In the listing below, find each line containing "also" and report it.

-----

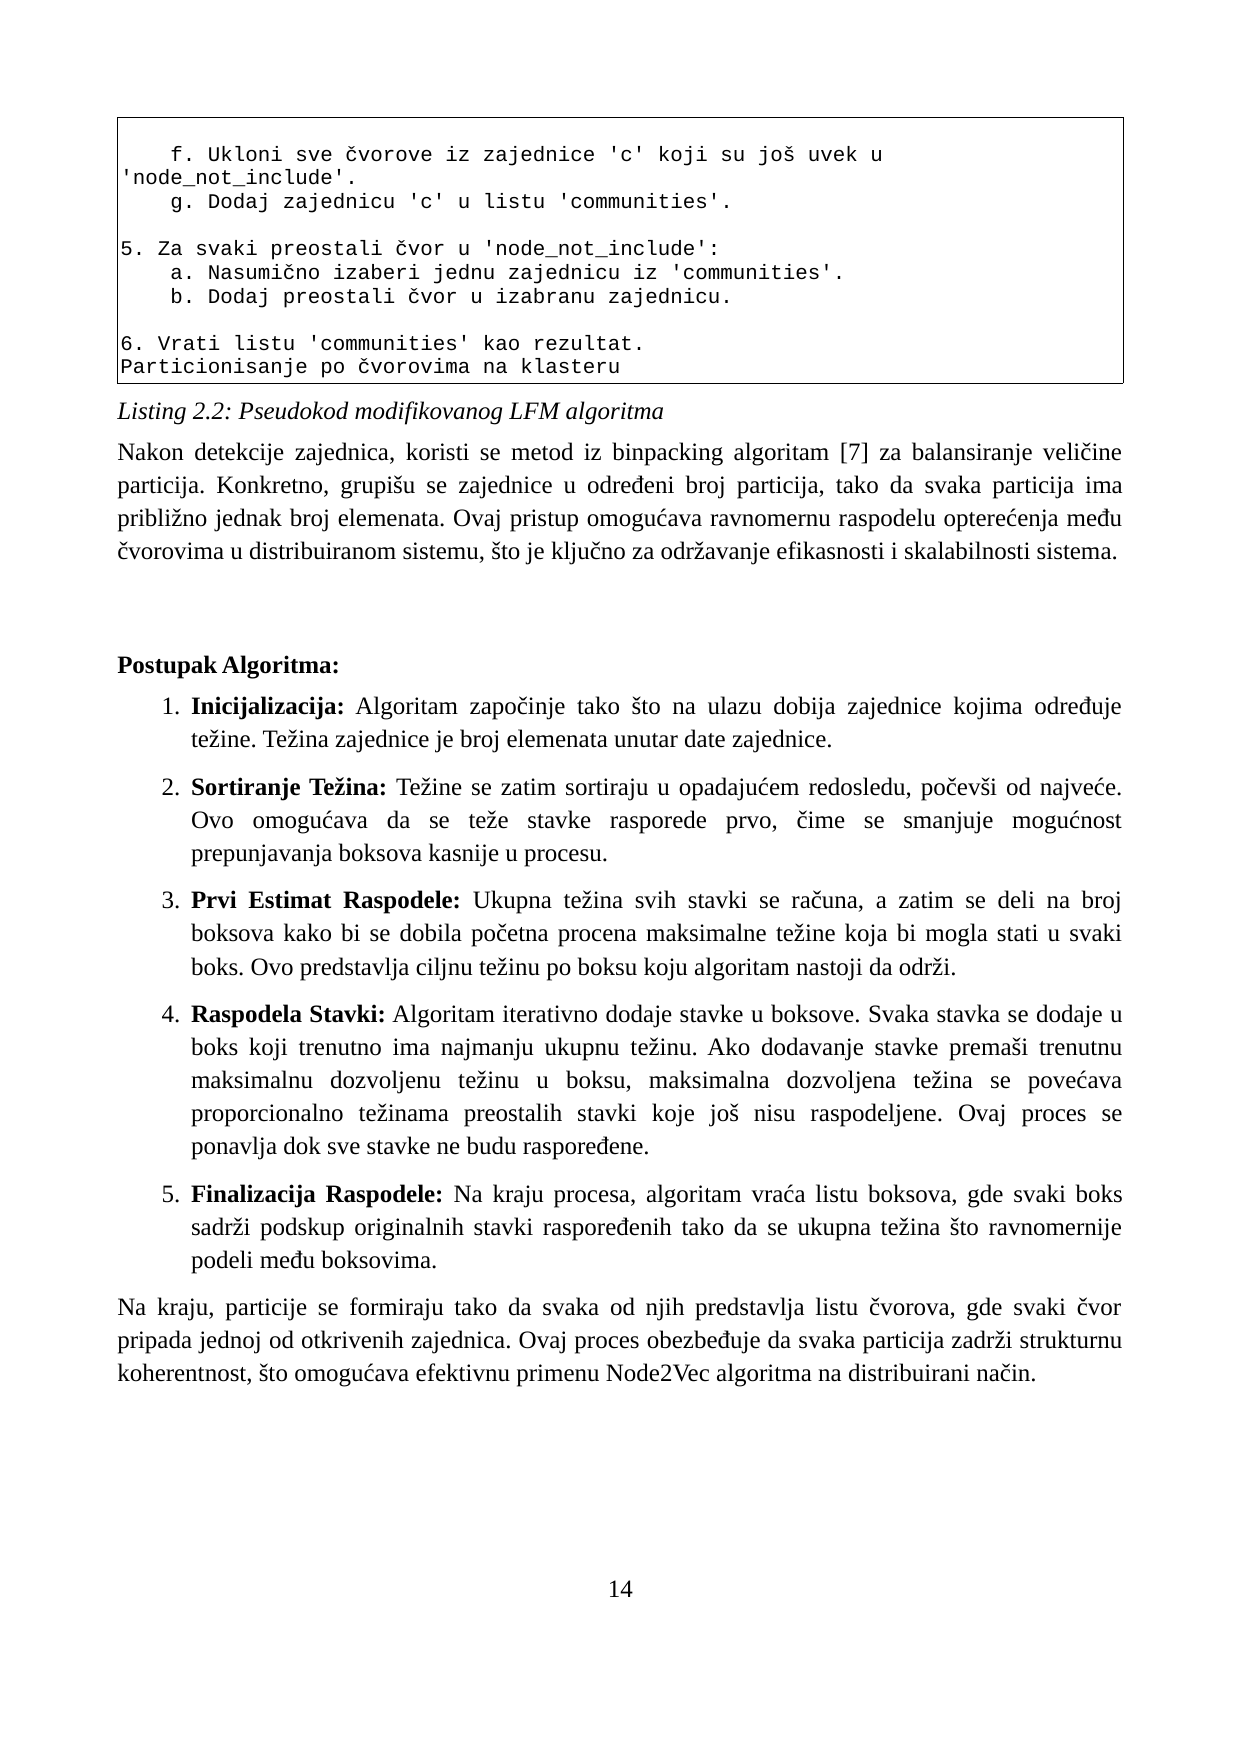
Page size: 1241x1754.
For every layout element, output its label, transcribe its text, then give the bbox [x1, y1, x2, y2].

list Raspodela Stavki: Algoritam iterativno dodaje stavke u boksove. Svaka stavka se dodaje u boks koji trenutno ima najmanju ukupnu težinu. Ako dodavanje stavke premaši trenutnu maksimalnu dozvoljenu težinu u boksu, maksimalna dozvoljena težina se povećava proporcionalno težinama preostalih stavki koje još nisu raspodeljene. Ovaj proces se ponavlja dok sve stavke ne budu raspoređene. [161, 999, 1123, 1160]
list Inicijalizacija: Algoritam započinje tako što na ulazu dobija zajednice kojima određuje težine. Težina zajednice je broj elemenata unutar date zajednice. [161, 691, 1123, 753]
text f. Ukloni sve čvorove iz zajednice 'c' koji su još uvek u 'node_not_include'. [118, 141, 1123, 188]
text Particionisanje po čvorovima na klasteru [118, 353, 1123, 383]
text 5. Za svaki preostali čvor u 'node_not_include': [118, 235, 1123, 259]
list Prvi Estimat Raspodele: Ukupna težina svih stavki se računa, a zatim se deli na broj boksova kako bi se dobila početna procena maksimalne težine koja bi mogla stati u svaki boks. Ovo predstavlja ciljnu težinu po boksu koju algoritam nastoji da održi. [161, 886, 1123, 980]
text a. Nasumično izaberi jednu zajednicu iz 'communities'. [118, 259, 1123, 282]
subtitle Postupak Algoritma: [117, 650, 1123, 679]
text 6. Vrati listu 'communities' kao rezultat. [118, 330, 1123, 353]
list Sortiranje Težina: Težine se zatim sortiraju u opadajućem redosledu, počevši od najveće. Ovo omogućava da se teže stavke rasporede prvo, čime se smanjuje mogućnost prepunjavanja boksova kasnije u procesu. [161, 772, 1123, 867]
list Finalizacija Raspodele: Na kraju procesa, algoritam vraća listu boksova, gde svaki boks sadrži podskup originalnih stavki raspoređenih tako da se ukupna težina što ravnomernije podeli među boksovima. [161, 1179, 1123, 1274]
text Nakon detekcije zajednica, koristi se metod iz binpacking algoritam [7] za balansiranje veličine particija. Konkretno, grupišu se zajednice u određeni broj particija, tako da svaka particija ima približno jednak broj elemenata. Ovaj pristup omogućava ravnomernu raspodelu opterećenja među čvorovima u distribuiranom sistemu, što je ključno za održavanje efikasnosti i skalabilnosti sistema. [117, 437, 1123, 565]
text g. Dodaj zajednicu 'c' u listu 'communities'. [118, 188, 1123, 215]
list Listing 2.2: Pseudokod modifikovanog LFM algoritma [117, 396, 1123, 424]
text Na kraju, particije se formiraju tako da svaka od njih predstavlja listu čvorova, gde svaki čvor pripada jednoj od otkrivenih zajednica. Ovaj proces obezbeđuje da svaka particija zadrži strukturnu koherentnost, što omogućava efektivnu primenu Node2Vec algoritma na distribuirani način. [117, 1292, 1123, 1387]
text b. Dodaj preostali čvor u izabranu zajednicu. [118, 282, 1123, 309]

-----

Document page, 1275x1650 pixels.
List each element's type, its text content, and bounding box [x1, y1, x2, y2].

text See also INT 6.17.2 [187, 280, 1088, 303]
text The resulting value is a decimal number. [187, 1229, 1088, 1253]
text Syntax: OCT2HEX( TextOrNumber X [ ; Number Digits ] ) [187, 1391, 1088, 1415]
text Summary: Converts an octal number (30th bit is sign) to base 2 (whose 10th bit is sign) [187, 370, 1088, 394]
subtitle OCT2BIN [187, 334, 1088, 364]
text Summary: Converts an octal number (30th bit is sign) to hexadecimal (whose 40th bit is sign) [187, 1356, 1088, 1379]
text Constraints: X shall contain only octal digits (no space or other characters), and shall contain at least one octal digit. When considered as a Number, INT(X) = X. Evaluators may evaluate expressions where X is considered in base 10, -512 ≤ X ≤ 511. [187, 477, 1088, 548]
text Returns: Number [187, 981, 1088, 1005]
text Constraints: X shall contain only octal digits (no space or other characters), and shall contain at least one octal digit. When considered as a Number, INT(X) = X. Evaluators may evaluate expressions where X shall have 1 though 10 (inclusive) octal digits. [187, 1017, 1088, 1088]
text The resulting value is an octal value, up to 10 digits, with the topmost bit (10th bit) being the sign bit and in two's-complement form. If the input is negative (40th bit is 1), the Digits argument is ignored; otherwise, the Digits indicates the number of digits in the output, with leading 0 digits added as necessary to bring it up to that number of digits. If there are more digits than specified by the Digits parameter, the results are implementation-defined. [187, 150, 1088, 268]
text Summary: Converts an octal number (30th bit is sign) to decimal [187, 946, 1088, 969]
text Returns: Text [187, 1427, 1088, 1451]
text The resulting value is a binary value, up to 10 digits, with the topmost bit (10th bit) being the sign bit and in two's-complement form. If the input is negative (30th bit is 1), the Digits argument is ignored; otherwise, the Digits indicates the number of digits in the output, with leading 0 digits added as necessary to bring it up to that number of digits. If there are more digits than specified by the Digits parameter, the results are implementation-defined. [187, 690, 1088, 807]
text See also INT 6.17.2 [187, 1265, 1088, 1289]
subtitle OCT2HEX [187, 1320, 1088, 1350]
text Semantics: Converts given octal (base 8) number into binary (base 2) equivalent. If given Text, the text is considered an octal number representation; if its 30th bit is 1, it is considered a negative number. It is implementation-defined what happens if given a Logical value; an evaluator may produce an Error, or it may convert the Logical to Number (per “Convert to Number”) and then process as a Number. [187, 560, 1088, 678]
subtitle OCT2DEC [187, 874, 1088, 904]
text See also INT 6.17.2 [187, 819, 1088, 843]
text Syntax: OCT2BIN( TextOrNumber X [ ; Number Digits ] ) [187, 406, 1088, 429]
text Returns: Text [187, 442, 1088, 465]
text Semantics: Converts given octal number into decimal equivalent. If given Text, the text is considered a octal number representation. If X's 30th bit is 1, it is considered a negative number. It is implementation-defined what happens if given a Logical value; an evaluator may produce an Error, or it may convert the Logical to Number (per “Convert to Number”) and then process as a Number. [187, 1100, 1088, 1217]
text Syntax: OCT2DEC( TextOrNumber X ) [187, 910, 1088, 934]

-----

** ANSWER SECTION **
text See also INT 6.17.2 [187, 280, 1088, 303]
text See also INT 6.17.2 [187, 1265, 1088, 1289]
text See also INT 6.17.2 [187, 819, 1088, 843]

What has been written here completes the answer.